Gwo-Ching Wang, Ultrathin Film Physics & Nanostructure Science Lab, Rensselaer Polytechnic Institute

Ferromagnetic Resonance Spectroscopy (FMR)

In FMR the microwave frequency is used. The FMR signal is measured by monitoring the microwave losses in the studied film as a function of applied dc field H. In our lab we setup a UHV FMR with a cylindrical cavity. For details, please see paper by M. Li et. al. 1996. In the same UHV system one can also perform MOKE (magneto-optic Kerr effect) measurement. The FMR has been applied to measure magnetization, anisotropy constant, anisotropy field of magnetic thin films, and exchange couplings of trilayers. The line width of the resonance peak is related to magnetic inhomogeneity. For reviews please see Prof. B. Heinrich' papers.

High Resolution Low Energy Electron Diffraction (HRLEED)

There are about 50 Henzler types of HRLEED system (U. Scheithauer, G. Meyer, and M. Henzler, Surface Science 178, 441, (1986)) in the world. We believe our group is one of the most productive users of HRLEED besides Henzler's group in Hannover, Germany. The HRLEED system not only can resolve domain size from a few angstroms to 2000 angstroms but also has millisecond temporal resolution. Numerous novel surface, overlayer, and thin film phenomena have been observed using this system. HRLEED is particularly ideal for real-time monitoring of 2D island growth (or shrinking) of overlayer and multilayer structure on surfaces quantitatively. HRLEED is complementary to the grazing incidence X-ray diffraction technique for surface ordering studies. The latter uses an intense synchrotron radiation source and can achieve very high spatial resolution. For the study of the dynamics of growth, HRLEED has the advantage of high temporal resolution. Because of the strong interactions between the electrons and surface atoms, the number of counts per seconds is very high for each data point for electron diffraction. One can obtain an angular profile within a very short period of time (e.g. milliseconds). We have built an atomic resloution STM in house and have used it for the study of rough surfaces. The STM is powerful for real space imaging of surfaces and submonolayer or monolayer films. However, when it is used for multilayer thicker film study the maximum depth that the tip can probe is limited to less than ten layers high unless the tip is very sharp. That is the valley of rough surfaces or rough films can not be reached by the tip. We believe for dynamic study of rough surfaces and multilayer thick films the diffraction technique has certain advantages and is statistically quantitative.
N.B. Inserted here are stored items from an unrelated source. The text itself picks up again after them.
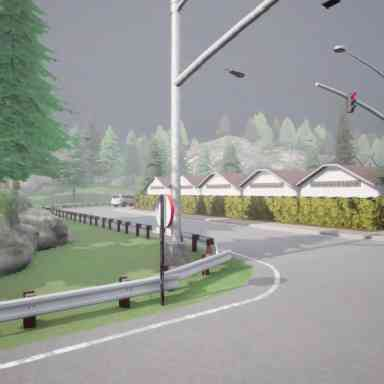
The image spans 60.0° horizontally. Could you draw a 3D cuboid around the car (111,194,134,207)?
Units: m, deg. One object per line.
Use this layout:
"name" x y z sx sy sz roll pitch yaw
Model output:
"car" -10.501 1.398 53.881 2.150 2.045 5.566 0 0 36
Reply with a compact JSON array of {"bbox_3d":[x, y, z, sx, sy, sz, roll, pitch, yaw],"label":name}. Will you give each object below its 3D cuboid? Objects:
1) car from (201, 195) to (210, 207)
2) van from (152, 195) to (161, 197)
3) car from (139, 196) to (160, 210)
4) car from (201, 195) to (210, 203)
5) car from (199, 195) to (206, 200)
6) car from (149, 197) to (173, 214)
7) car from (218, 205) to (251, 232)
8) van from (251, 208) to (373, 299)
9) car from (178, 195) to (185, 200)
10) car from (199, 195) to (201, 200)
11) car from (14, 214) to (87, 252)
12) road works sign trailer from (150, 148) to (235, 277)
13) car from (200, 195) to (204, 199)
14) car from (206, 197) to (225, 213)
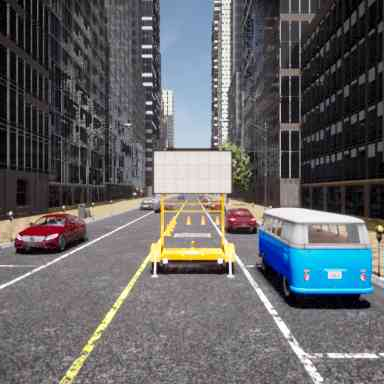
[{"bbox_3d":[2.793,1.544,47.994,2.008,1.369,4.403,0,0,0],"label":"car"},{"bbox_3d":[-5.575,1.328,53.708,1.690,1.788,3.998,0,0,0],"label":"van"},{"bbox_3d":[-5.600,1.548,42.323,2.008,1.369,4.403,0,0,0],"label":"car"},{"bbox_3d":[2.842,1.401,70.763,1.967,1.590,4.097,0,0,0],"label":"car"},{"bbox_3d":[2.891,1.462,93.534,1.887,1.381,4.507,0,0,0],"label":"car"},{"bbox_3d":[-3.023,1.546,36.166,2.033,1.411,5.357,0,0,0],"label":"car"},{"bbox_3d":[2.732,1.581,19.531,1.802,1.307,4.206,0,0,0],"label":"car"},{"bbox_3d":[2.708,1.341,8.147,1.690,1.788,3.998,0,0,0],"label":"van"},{"bbox_3d":[-2.808,1.494,90.176,1.994,1.385,4.181,0,0,0],"label":"car"},{"bbox_3d":[2.830,1.410,65.071,1.967,1.590,4.097,0,0,0],"label":"car"},{"bbox_3d":[-5.661,1.582,13.860,1.802,1.307,4.206,0,0,0],"label":"car"},{"bbox_3d":[0.022,0.464,10.172,2.380,3.560,2.880,0,0,0],"label":"road works sign trailer"},{"bbox_3d":[2.805,1.538,53.686,2.008,1.369,4.403,0,0,0],"label":"car"},{"bbox_3d":[2.769,1.581,36.609,1.802,1.307,4.206,0,0,0],"label":"car"}]
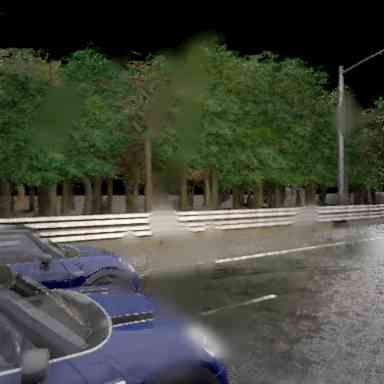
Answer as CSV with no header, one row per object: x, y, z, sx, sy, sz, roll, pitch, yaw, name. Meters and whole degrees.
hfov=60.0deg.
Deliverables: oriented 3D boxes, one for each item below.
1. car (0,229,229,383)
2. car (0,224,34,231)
-1.862,1.348,2.550,4.553,1.767,2.097,0,0,-35,car
-3.188,1.347,5.724,4.553,1.767,2.097,0,0,-35,car
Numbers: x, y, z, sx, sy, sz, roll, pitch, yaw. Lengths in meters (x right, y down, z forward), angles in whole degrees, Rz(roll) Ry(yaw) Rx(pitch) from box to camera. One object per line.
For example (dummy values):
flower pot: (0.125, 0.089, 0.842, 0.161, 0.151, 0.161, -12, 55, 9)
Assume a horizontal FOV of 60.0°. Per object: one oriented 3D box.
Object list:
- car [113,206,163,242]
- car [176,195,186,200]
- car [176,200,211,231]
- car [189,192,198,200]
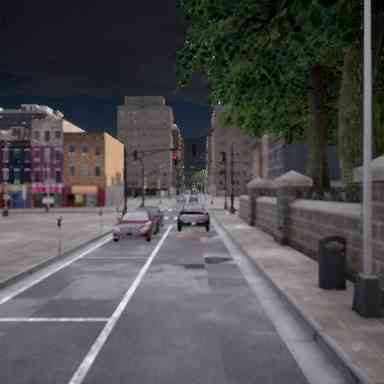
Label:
car: (-2.632, 1.548, 16.142, 1.802, 1.307, 4.206, 0, 0, 0)
car: (-2.194, 1.354, 67.002, 2.128, 1.511, 4.902, 0, 0, 0)
car: (0.091, 1.450, 19.985, 2.128, 1.511, 4.902, 0, 0, 0)
car: (0.312, 1.340, 72.017, 1.812, 1.442, 4.674, 0, 0, 0)
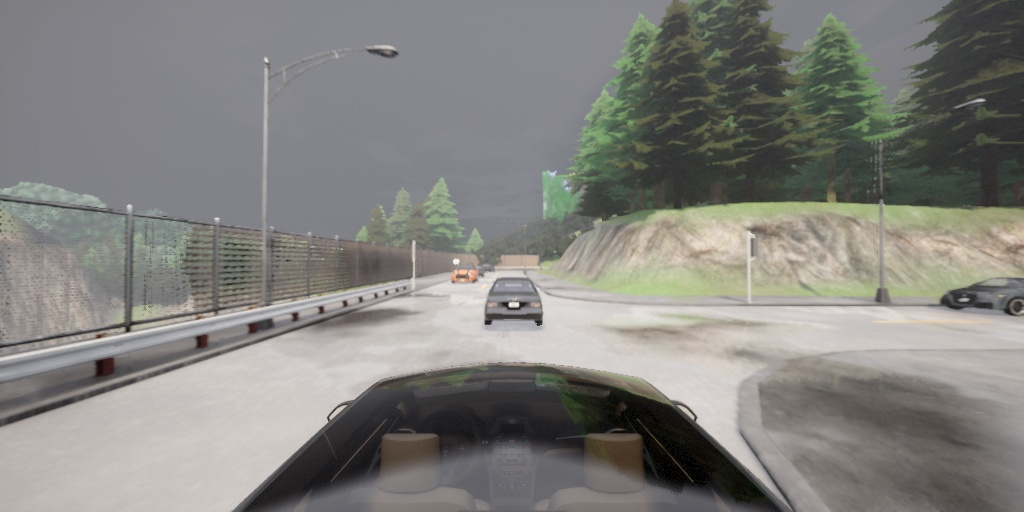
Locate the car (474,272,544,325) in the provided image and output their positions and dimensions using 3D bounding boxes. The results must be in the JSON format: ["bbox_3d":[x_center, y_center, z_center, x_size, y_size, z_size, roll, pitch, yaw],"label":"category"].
[{"bbox_3d":[0.041,1.443,12.528,2.033,1.411,5.357,0,-1,0],"label":"car"}]

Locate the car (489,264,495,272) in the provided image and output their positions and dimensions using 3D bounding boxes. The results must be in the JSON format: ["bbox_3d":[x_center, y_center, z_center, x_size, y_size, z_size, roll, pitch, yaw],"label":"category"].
[{"bbox_3d":[-4.194,2.097,61.659,2.033,1.411,5.357,0,-1,8],"label":"car"}]

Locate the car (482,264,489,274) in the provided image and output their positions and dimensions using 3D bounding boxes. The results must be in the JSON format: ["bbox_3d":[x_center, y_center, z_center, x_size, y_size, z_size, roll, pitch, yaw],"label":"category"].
[{"bbox_3d":[-4.285,1.855,43.754,2.033,1.411,5.357,0,-1,0],"label":"car"}]

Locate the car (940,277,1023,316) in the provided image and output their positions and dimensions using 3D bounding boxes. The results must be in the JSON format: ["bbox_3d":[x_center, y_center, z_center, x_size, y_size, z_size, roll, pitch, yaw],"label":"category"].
[{"bbox_3d":[19.566,1.523,13.965,4.181,1.385,1.994,0,-1,0],"label":"car"}]

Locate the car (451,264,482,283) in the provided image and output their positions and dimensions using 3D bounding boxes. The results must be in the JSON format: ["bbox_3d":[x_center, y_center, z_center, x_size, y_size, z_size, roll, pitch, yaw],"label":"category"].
[{"bbox_3d":[-4.246,1.513,32.914,2.097,1.767,4.553,0,-1,0],"label":"car"}]
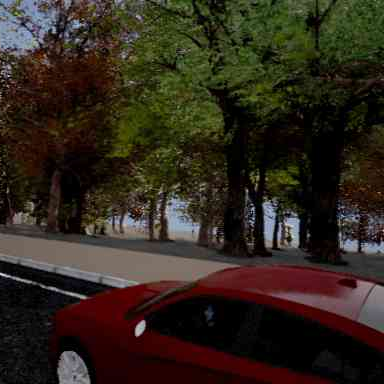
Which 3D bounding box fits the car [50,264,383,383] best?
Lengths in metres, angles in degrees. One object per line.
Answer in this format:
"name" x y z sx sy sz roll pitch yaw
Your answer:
"car" 0.624 1.487 3.240 5.008 1.535 1.882 0 0 36
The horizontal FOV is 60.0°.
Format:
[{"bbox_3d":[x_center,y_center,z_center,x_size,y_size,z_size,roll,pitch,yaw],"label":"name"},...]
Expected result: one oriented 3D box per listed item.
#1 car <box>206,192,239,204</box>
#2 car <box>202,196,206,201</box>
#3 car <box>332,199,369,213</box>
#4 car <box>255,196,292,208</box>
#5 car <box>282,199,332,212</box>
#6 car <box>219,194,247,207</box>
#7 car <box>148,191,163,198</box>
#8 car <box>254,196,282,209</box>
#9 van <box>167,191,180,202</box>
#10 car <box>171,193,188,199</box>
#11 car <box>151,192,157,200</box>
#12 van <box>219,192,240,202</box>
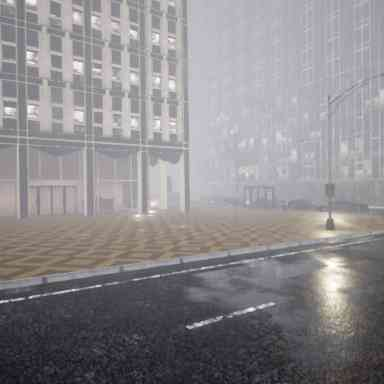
[{"bbox_3d":[4.850,1.156,52.339,1.837,1.490,4.892,-1,1,-34],"label":"car"},{"bbox_3d":[3.527,1.040,64.575,1.802,1.307,4.206,-1,1,-34],"label":"car"},{"bbox_3d":[16.412,1.402,35.309,1.994,1.385,4.181,-1,1,-34],"label":"car"},{"bbox_3d":[10.675,1.272,43.745,1.812,1.442,4.674,-1,1,-34],"label":"car"},{"bbox_3d":[12.466,1.421,36.291,1.947,1.339,4.313,-1,1,-34],"label":"car"},{"bbox_3d":[6.138,1.316,45.736,1.947,1.339,4.313,-1,1,-34],"label":"car"},{"bbox_3d":[-9.256,0.683,83.374,1.967,1.590,4.097,0,1,-34],"label":"car"},{"bbox_3d":[9.285,1.385,41.003,1.802,1.307,4.206,-1,1,-34],"label":"car"},{"bbox_3d":[-3.403,0.934,59.862,1.690,1.788,3.998,0,1,-34],"label":"van"},{"bbox_3d":[-2.864,0.932,73.976,1.802,1.307,4.206,0,1,-34],"label":"car"},{"bbox_3d":[-9.795,1.037,69.265,2.008,1.369,4.403,0,1,-34],"label":"car"},{"bbox_3d":[6.722,0.852,59.872,1.690,1.788,3.998,-1,1,-34],"label":"van"}]
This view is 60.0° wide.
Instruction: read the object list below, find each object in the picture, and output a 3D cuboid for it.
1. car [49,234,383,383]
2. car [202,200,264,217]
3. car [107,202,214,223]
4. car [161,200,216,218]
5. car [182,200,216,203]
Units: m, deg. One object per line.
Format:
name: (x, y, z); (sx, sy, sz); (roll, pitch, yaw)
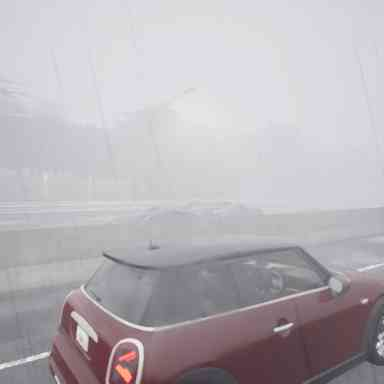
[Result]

Partially Ionized Beam (PIB) Deposition System

Ion-based or ion-assisted thin film deposition techniques such as ion beam deposition, sputtering, ion plating, plasma-enhanced chemical vapor deposition, and ionized cluster beam (ICB) deposition have attracted increasing attention in the semiconductor community in recent years. The ICB deposition technique which is more preferred to be called "partially ionized beam" (PIB) deposition has several advantages over the conventional evaporation-deposition or sputtered deposition techniques:

It can grow epitaxial film at lower temperature.
It has small charge-to-mass ratio in the beam so that there is no space charge problem.
The ions can enhance surface chemical reaction.
The ions can enhance surface adatoms migration and diffusion.
It has a self-cleaning effect during deposition.

Why use Partially Ionized Beam (PIB)?

Using the energy of the self ions that are accelerated to the sample changes can occur in surface structure without annealing the sample.
Changes in grain orientation have been observed using the PIB deposition.

How does PIB work?

By partially ionizing deposition material and providing an accelerating voltage the ions are attracted towards the sample. The additional energy within the self ions allows for different types of growth not normally seen using the traditional thermal deposition.